The VQA task comparison results in the below figure show that by scaling up the model size, Monkey achieves significant performance advantages in tasks involving dense text. It not only outperforms QwenVL-Chat [3], LLaVA-1.5 [29], and mPLUG-Owl2 [56] but also achieves promising results compared to GPT-4V [42]. This demonstrates the importance of scaling up model size for performance improvement in multimodal large models and validates our method’s effectiveness in enhancing their performance.
Practical Application
- Automated Image Captioning: Generate detailed descriptions for images in various domains, such as e-commerce, social media, and digital archives.
- Assistive Technologies: Aid visually impaired individuals by generating descriptive captions for images in real-time applications, such as screen readers and navigation aids.
- Interactive Chatbots: Integrate with chatbots to provide detailed visual explanations and context in customer support and virtual assistants, improving user experience in various services.

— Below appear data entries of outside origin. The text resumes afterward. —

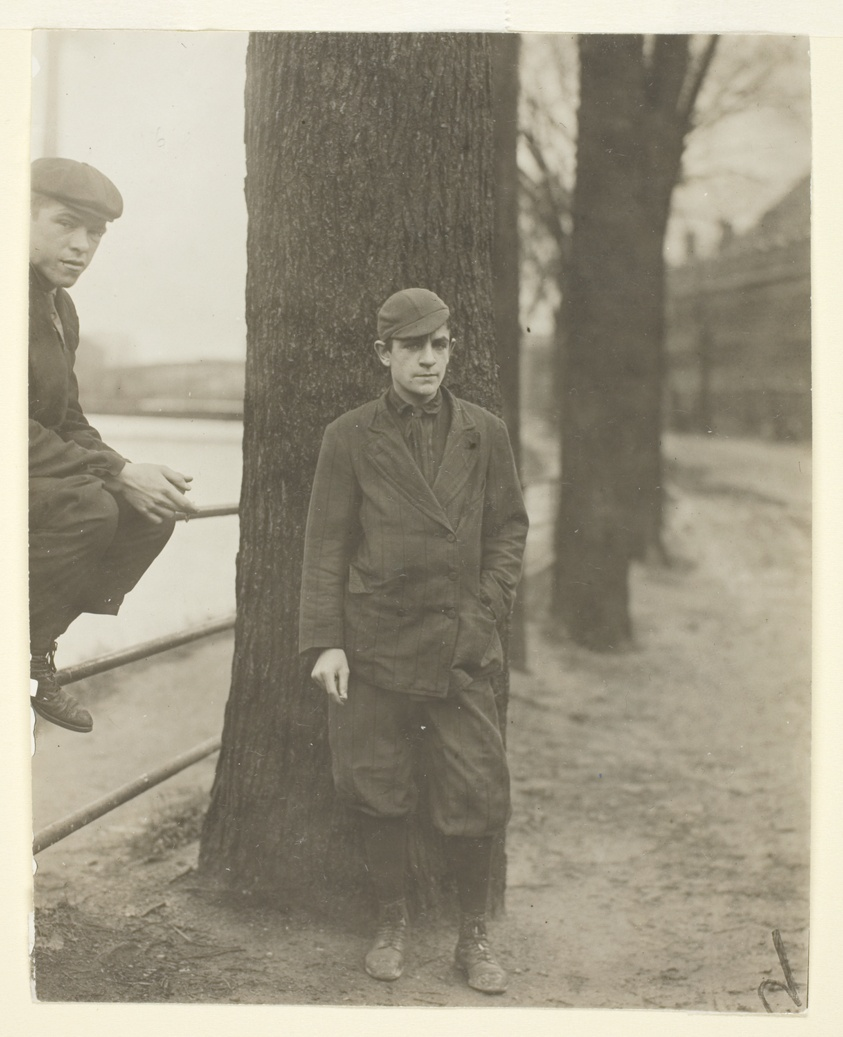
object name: Photograph
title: Bleach Room Boy, Leon Halcourt, 16 Years Old, Lawrence, Massachusetts
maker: Lewis Wickes Hine (American, 1874–1940)
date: November 1910
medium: Gelatin silver print
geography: United States
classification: gelatin silver (developing-out-paper) pr; photographic process; photography; photograph
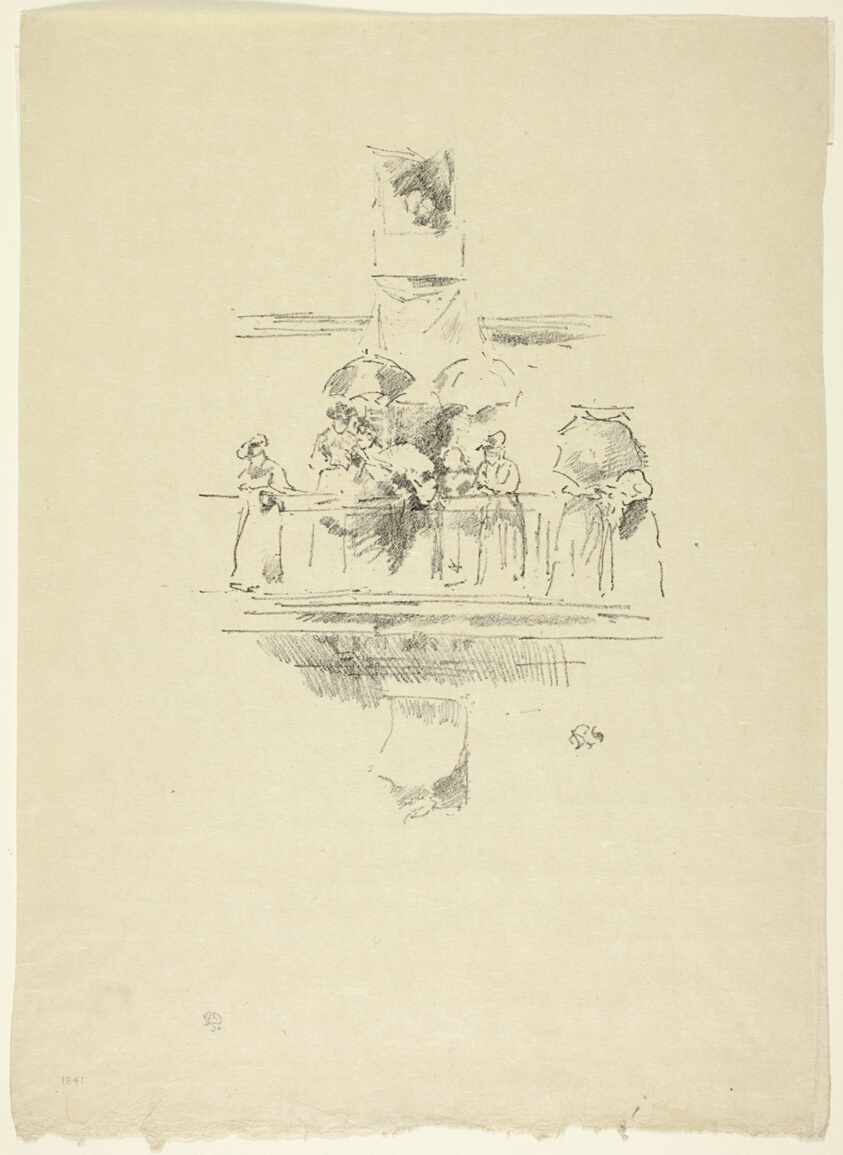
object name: Print
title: The Little Balcony
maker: James McNeill Whistler (American, 1834-1903)
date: 1894
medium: Transfer lithograph in black on cream laid Japanese vellum
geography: United States
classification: transfer lithograph; lithograph; print; prints and drawing
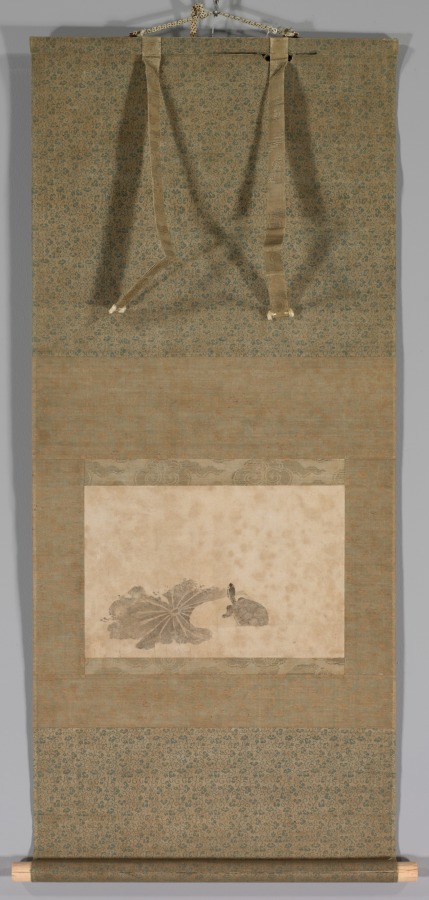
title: Turtle in a Lotus Pond
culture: Japan, Edo period (1615–1868)
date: 1700s
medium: hanging scroll; ink on paper
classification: Painting
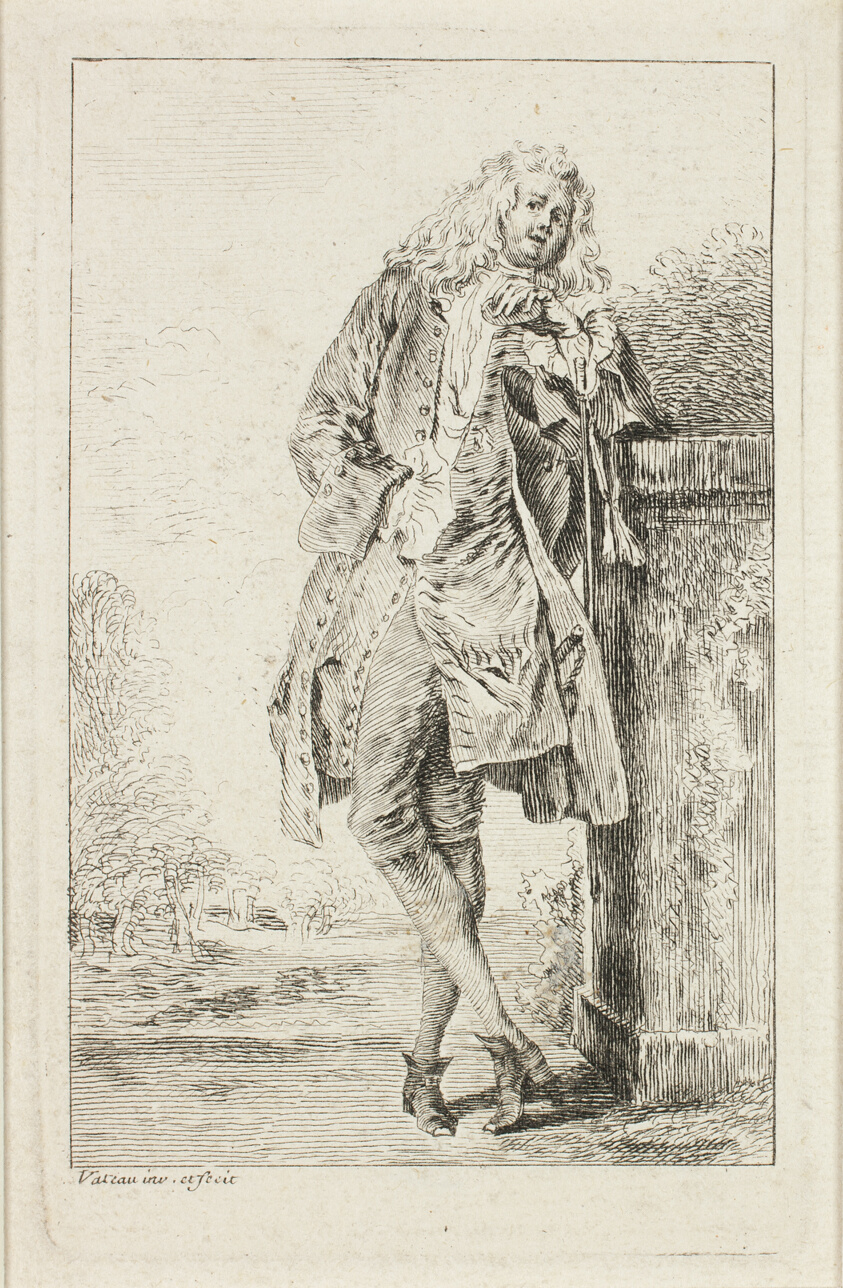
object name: Print
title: Standing Man Leaning against a Plinth, from Figures de modes
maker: Jean Antoine Watteau (French, 1684-1721)
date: c. 1710
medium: Etching in black on ivory laid paper
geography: France
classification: etching; paper; print; prints and drawing
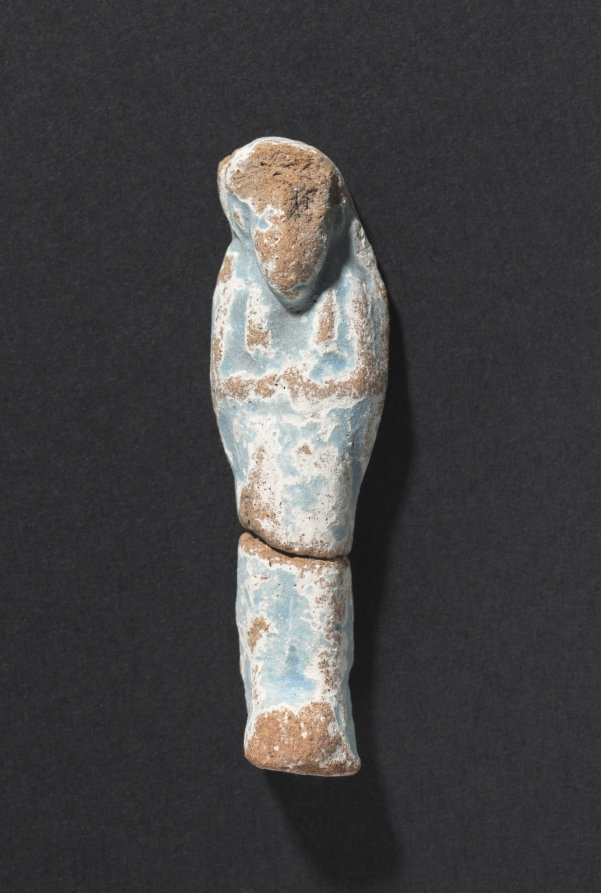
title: Shawabty of Ditamenpaankh
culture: Egypt, Late period (715–332 BCE), Dynasty 25
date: 715–656 BCE
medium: terracotta
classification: Funerary Equipment
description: High demand for shawabtys in the Late Period, a time when as many as 400 or more shawabtys were placed in the tomb with the deceased, gave rise to a specialized container for storing them: the shawabty box. This example is inscribed for the lady of the house, Ditamenpaankh, and was probably one of a pair originally made for her. The single-masted boat on the box's lid is perhaps an allusion to the pilgrimage of the deceased to the holy city of Abydos, the cult city of Osiris, king of the dead. The shawabtys inside are crude, mass-produced examples cast in an open mold. Made of terracotta, their blue paint imitates more costly shawabtys made of faience. As for the shawabty spell, it has been removed from its traditional location on the shawabty's front and relocated onto the sides of box, where it needed only to be written once, thus expediting production.
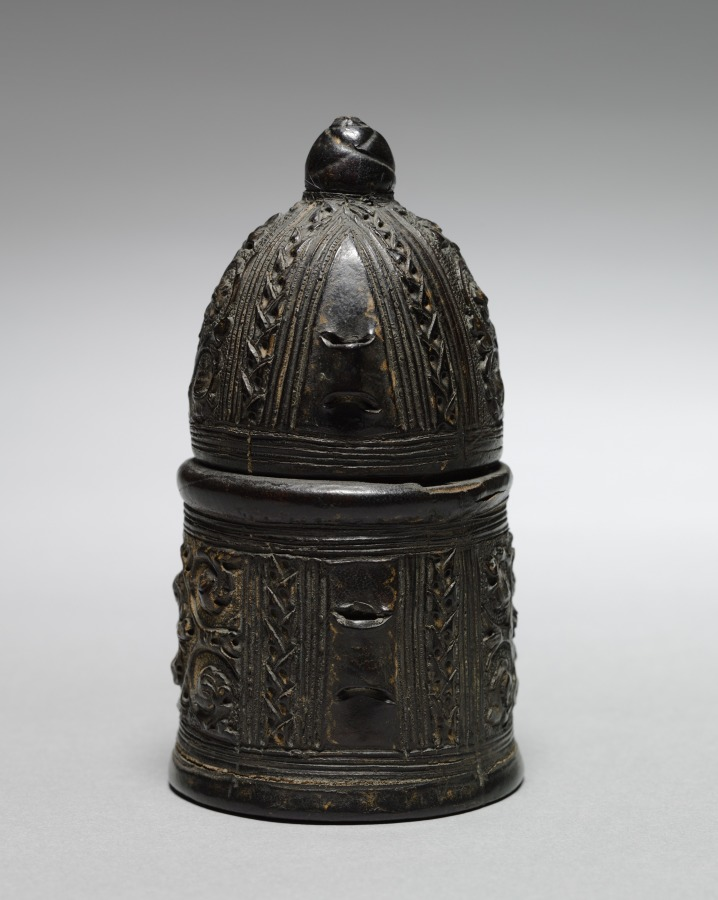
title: Ink Pot
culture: Northern Italy, 15th century
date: c. 1425–1450
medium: leather
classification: Leather
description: Intended for use on the writing table, this ink pot was used with a dip pen or quill. It may have belonged to a professional scribe or scholar, or perhaps to a wealthy layperson. The leather is embellished by tooling, embossing (pressing), and punching.
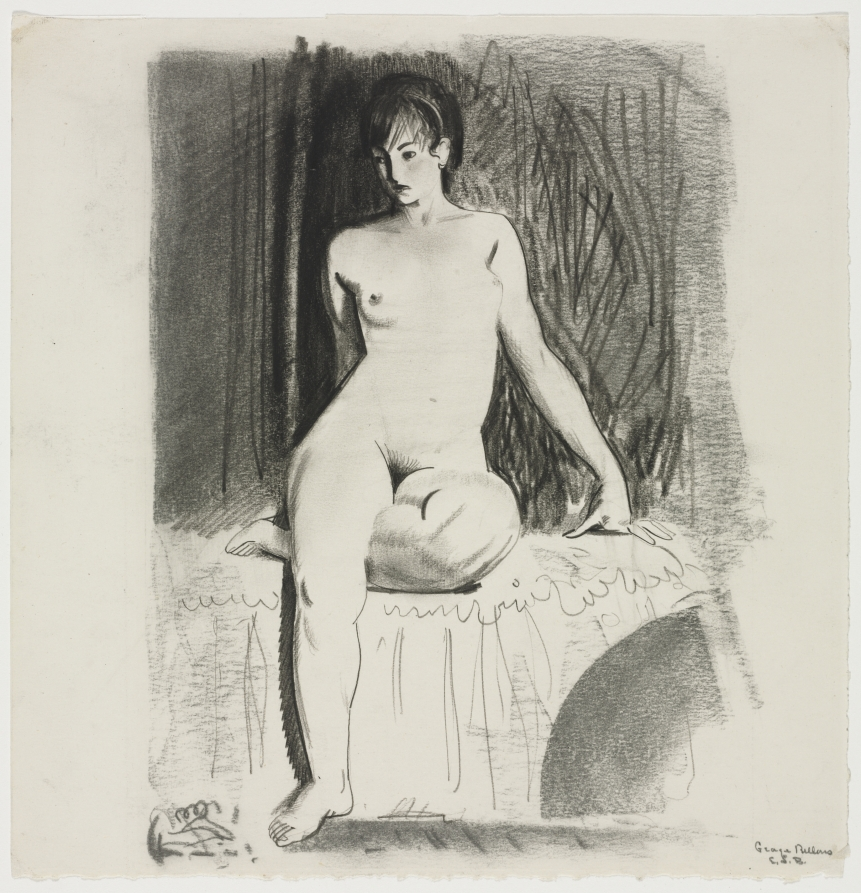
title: Seated Female Nude (Emma Story Bellows)
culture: America
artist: George Bellows (American, 1882–1925)
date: after 1910
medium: black lithographic crayon with traces of stylus (above head)
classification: Drawing
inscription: signed, lower right, in graphite: George Bellows / E. S. B.
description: Bellows achieved fame as a young man for his powerful boxing scenes and images of urban life, but he also produced sensitive drawings and paintings of women. Bellows married Emma Story in 1910.
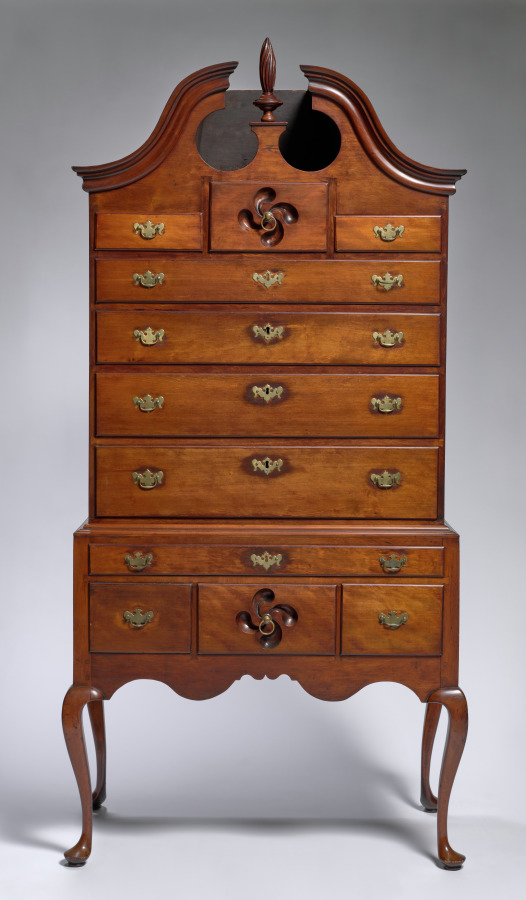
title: High Chest of Drawers
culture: America, Connecticut, 18th century
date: c. 1770–1785
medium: cherry and pine
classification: Furniture and woodwork
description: The style of this chest, generally termed Queen Anne, was introduced into American furniture from England in the first half of the 18th century. Connecticut, however, was a bit behind the times, so this gracefully designed piece was probably made at the time of the Revolution, or slightly later. The chest also features some technical details typical of furniture from this region. It is made of cherry wood that was stained dark. Its surface was also patterned to look like the wood graining of mahogany, the expensive tropical wood that was used when pieces such as this were made in metropolitan centers like Boston or New York.
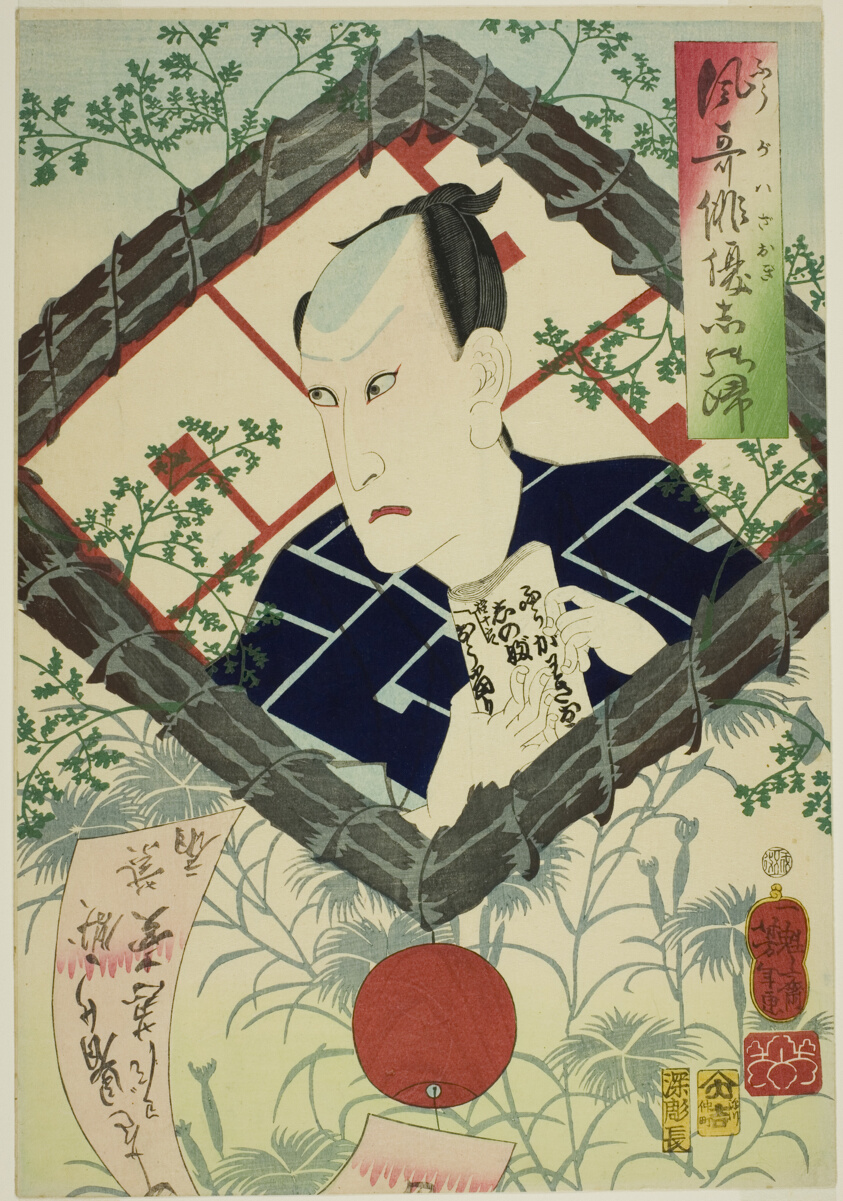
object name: Print
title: The Actor Kawarazaki Gonjuro I, from the series "Reminiscences of Elegant Actors (Fuga wazaogi shinobu)"
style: Japanese (culture or style)
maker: Tsukioka Yoshitoshi (Japanese, 1839-1892)
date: 1862
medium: Color woodblock print; oban
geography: Japan
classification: woodblock print; print; asian art
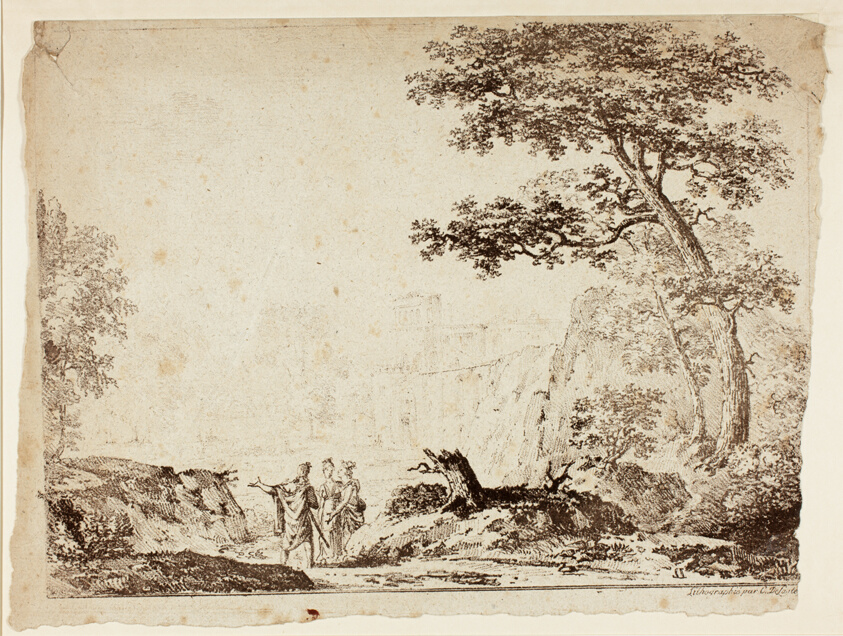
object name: Print
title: Roman Landscape
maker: Ferdinand (French, 19th century); printed by Comte de Charles Philibert Lasteyrie du Saillant (French, 1759-1849)
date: 1800/49
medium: Lithograph in dark brown on ivory laid paper
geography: France
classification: lithograph; print; prints and drawing
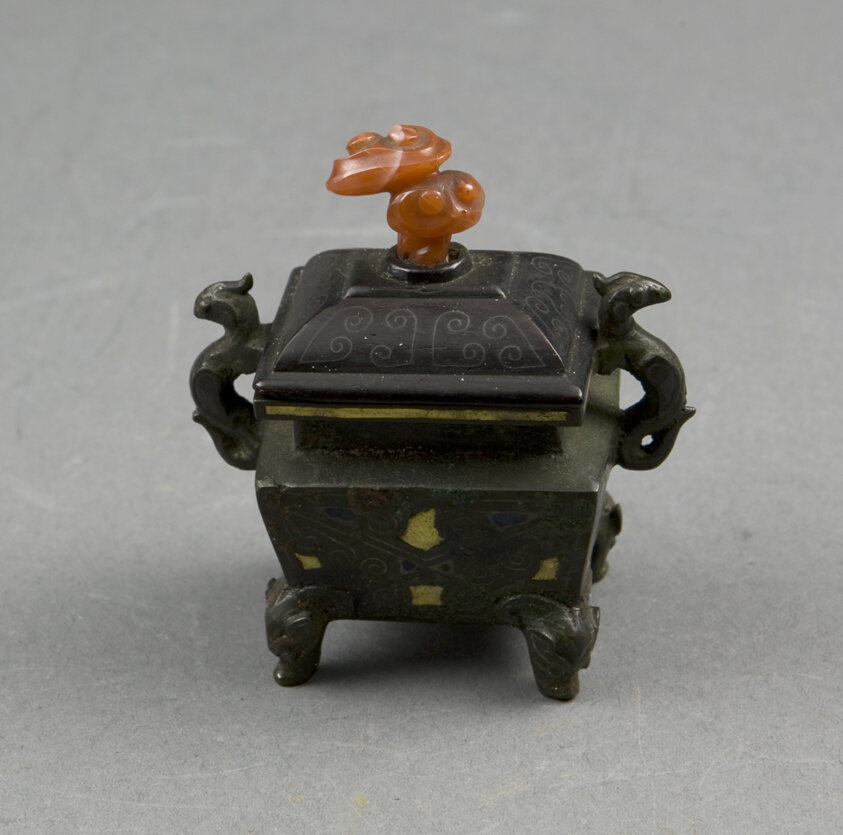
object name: Vessel
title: Miniature Vessel
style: Chinese (culture or style)
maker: China
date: Ming dynasty (1368–1644) or Qing dynasty (1644–1911)
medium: Bronze with inlay
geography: China
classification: bronze; metal; decorative object/ornament; asian art; vessel

- Image-Based Search Engines: Improve image search capabilities by providing rich, context-aware descriptions that enhance search accuracy and relevance.
Conclusion
In this article, we discuss the Monkey chat vision model, the model achieved good results when tried with different images to generate captions or even to understand what is in the image. The research claims that the model outperforms various LMMs including GPT-4v. Its enhanced input resolution also significantly improves performance on document images with dense text. Leveraging advanced techniques such as sliding windows and cross-attention effectively balances local and global image perspectives. However, this method is also limited to processing the input images as a maximum of six patches due to the language model’s input length constraints, restricting further input resolution expansion.
Despite these limitations, the model shows significant promise in capturing fine details and providing insightful descriptions, particularly for document images with dense text.
We hope you enjoyed reading the article!